Land of the Nakhcho {Strana Nakhcho} (1929) – dir. Nikolai Lebedev

‘Land of the Nakhcho’ (1929) – dir. Nikolai Lebedev

39 mins., 35mm, b&w, silent (Russian intertitles)

Production : Sovkino

Source : Krasnogorsk Film Archive. Also viewable on YouTube here, albeit in a very poor copy, apparently lacking many of the original intertitles and the maps, and with superimposed extra-diegetic music.

Background : this film was shot in the mountains of Chechnya in 1928 and was the most ethnographic of a number of travelogues directed by Nikolai Lebedev in the late 1920s. As he himself was an outsider, with no previous knowledge of the region, he took on as a consultant Khalid Orshaev, a local playwright and government official, and creator of the Latin-based Chechen alphabet.

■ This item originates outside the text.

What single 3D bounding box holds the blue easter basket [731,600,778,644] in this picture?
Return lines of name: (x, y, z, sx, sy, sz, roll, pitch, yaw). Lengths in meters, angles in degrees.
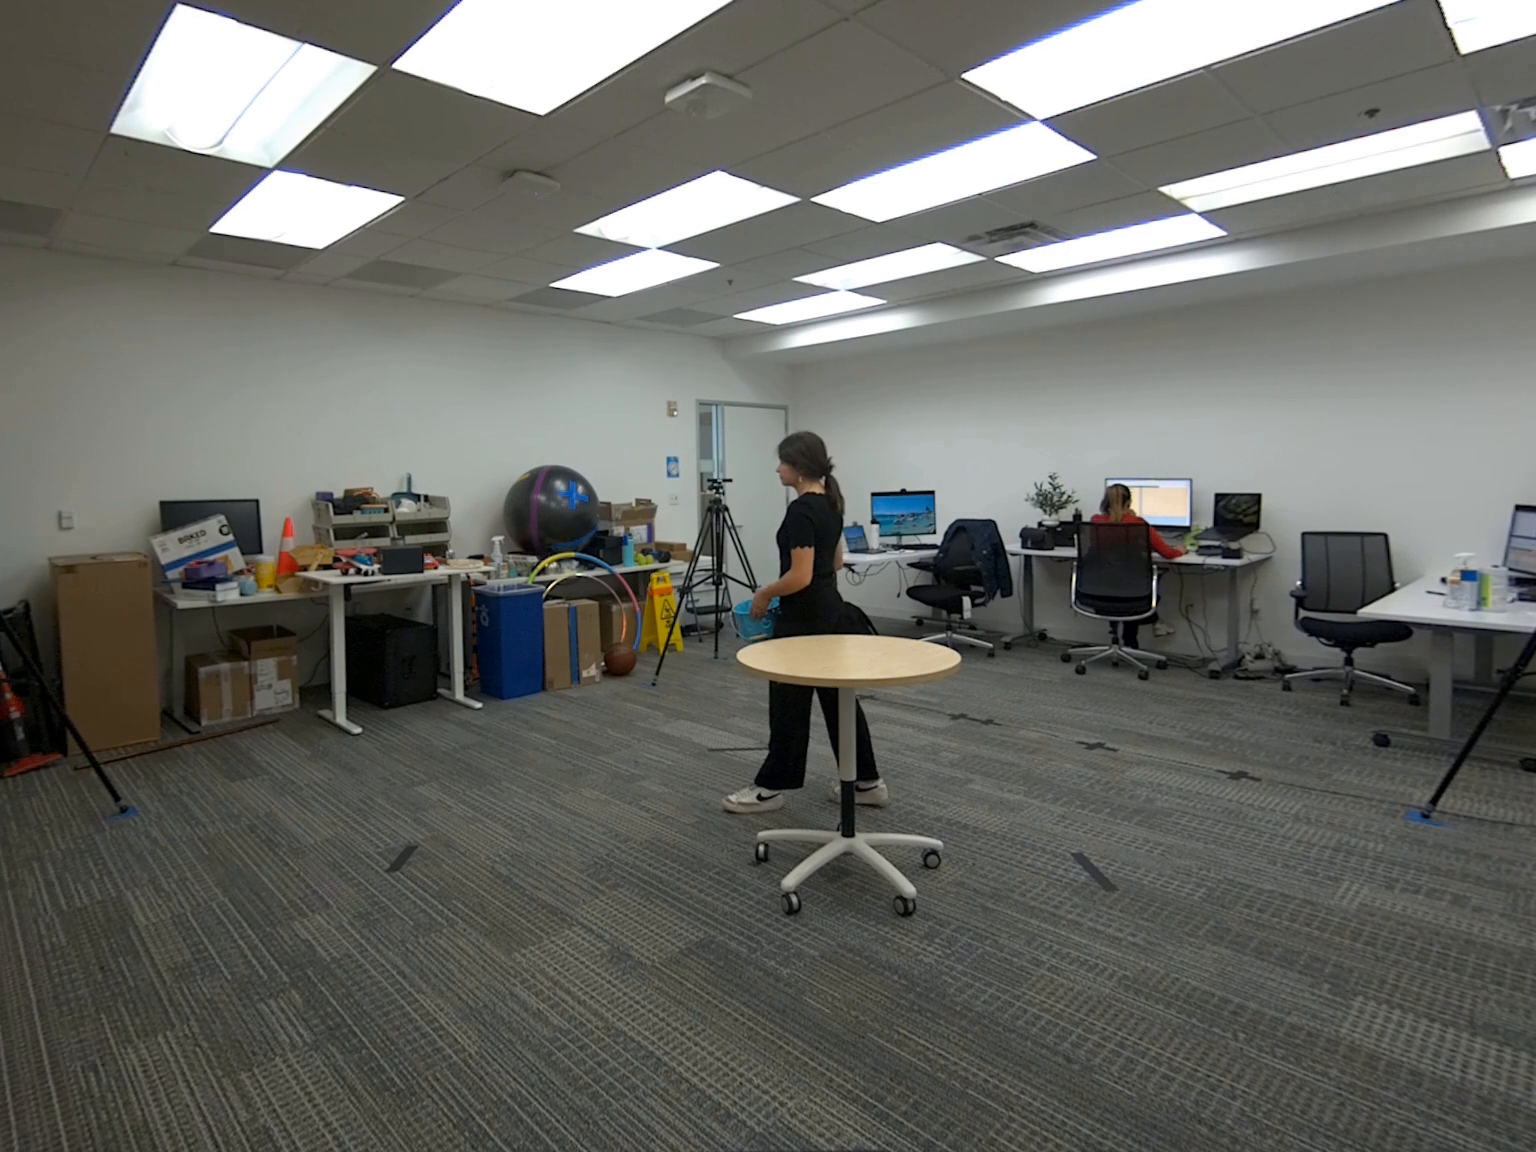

It is perhaps on account of his influence that original working title of the film was changed from ‘Chechnya’ to ‘Land of the Nakhcho’, the latter being the name that the Chechens use of themselves.

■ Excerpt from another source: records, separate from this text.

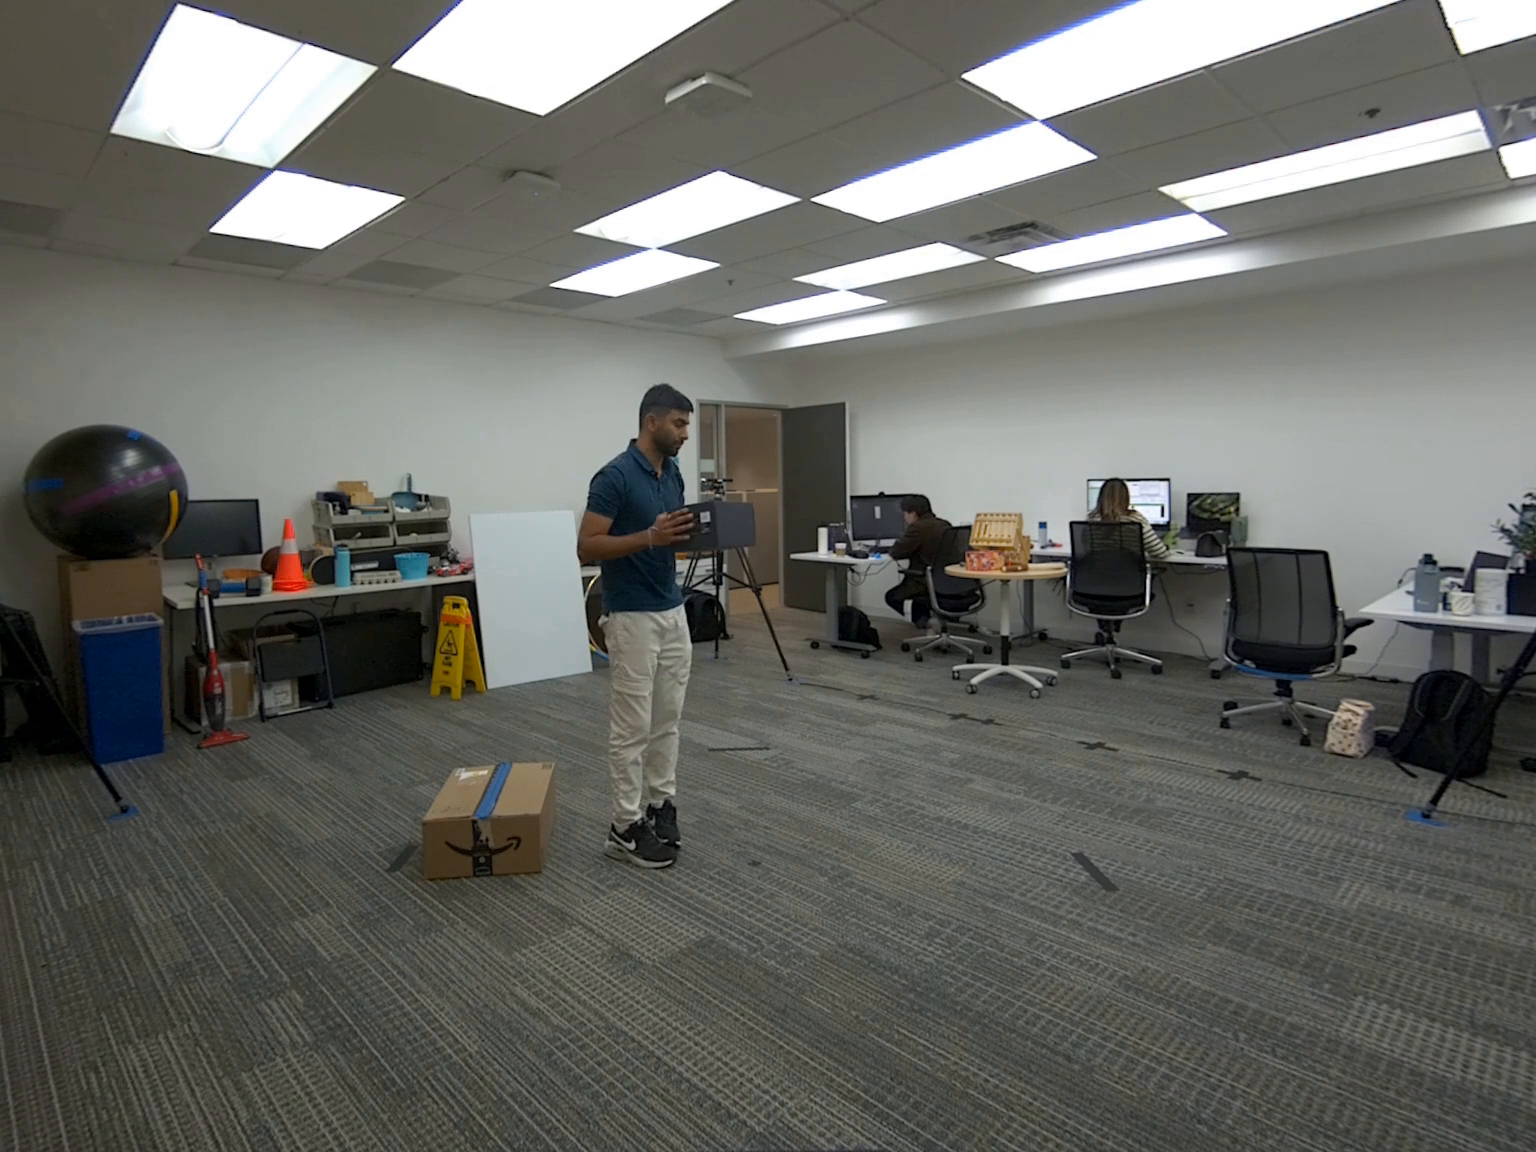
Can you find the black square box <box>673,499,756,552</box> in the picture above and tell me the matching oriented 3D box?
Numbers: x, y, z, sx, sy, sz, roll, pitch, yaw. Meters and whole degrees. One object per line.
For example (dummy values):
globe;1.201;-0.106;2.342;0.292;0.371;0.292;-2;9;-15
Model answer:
black square box;-0.196;-0.173;2.979;0.221;0.156;0.223;-5;-2;25

Lebedev was also fortunate to have with him the  highly skilled cameraman, Ivan Beliakov, an associate of Dziga Vertov and one of the original ‘Kinoks’.

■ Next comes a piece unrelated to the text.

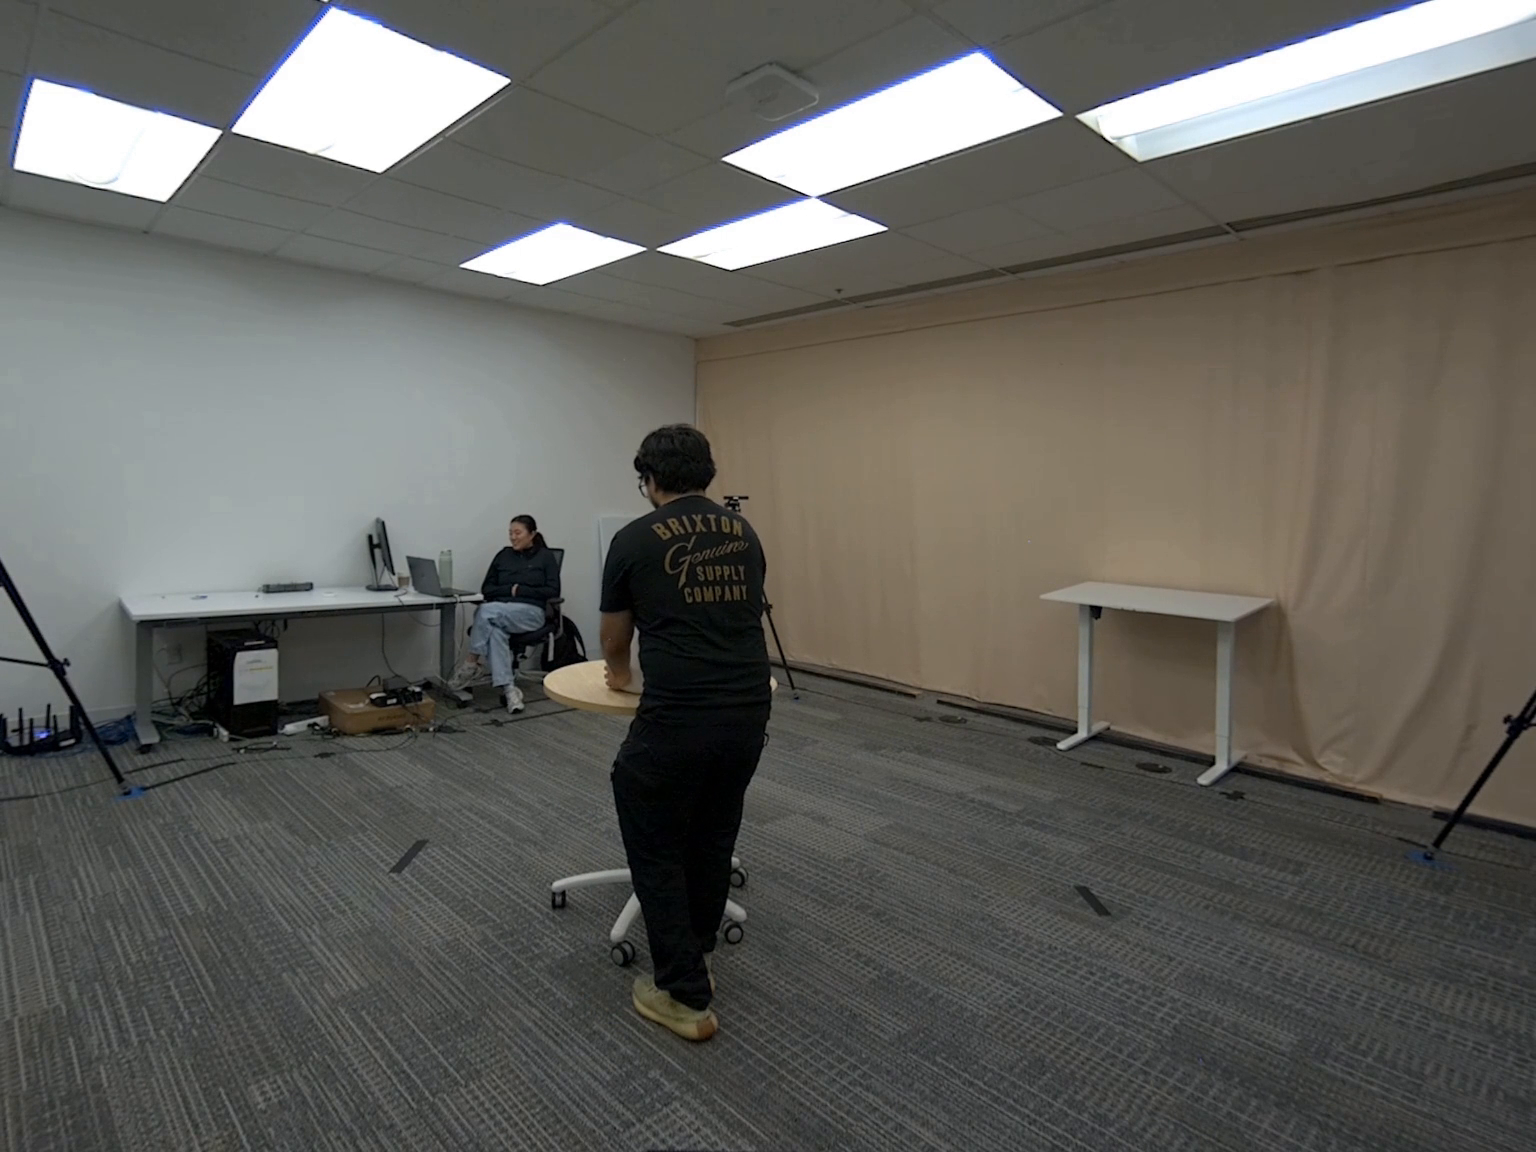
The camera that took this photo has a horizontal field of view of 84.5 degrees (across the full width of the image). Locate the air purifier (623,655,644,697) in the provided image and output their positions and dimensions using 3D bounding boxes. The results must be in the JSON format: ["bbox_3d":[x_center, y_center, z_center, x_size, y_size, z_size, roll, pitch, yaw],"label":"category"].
[{"bbox_3d":[-0.402,0.226,2.636,0.176,0.264,0.167,4,5,41],"label":"air purifier"}]

Content :  In overall structure, Land of the Nakhcho  conforms in many ways to the conventional Soviet travelogue format of the period: it begins with shots of the natural environment in the Caucasus, continues with sequences dedicated to traditional Chechen subsistence and craft activities, followed by some general scenes of village life, a market and various examples of religious practice, before the dramatic appearance of a line of tractors, about three quarters of the way into the film, heralds the arrival of the Soviet presence and modernity.

The film then concludes with sequences of modern farming practices, oil wells, road-building, hospitals, literacy programmes and gymnastics, before culminating in  a sequence showing the collective resolution of a traditional blood feud with the previously unimaginable active participation of the women.

However, there are number of features of this film that raise it above the norm for this genre of film. One is an opening sequence in which a Chechen declares directly to the camera that he will serve as a guide for the film which will therefore show the region as it really is, from an insider’s perspective.

Yet although the film begins by denouncing popular stereotypes about the Caucasus, as it proceeds, the generally positive view that it offers of the Chechens’ traditional way of life begins to crumble until about half-way into the film, after a long sequence of scenes showing women hard at work on a broad variety of tasks, a group of men are shown doing nothing. This is followed shortly thereafter by an intertitle declaring ‘Aged forty, a Chechen woman is an old wreck’, a close-up portrait of a woman, who looks to be in her seventies, and a shot from afar of a woman struggling up a hill with a heavy burden.

Another distinctive feature of the film is the quality of the cinematography performed by Beliakov. This is particularly evident  in the sequence showing the zikr, an all-male ecstatic Quadiriya Sufi dance that is performed in a circle to the sound of circular hand drums, clapping and chanting. The combination of exemplary shooting and inspired editing make this the  high point of the film from a purely cinematographic point of view.

From ethnographic point of view, however, perhaps the most interesting sequence is the one showing the resolution of the traditional blood feud in which the film culminates. Here too, it seems likely that the consultant Khalid Orshaev would have had an influence since his own first theatrical work as a playwright, The Law of the Fathers, had been precisely about the vendettas associated with such blood feuds, which were still on-going in the Caucasus region at the time of filming.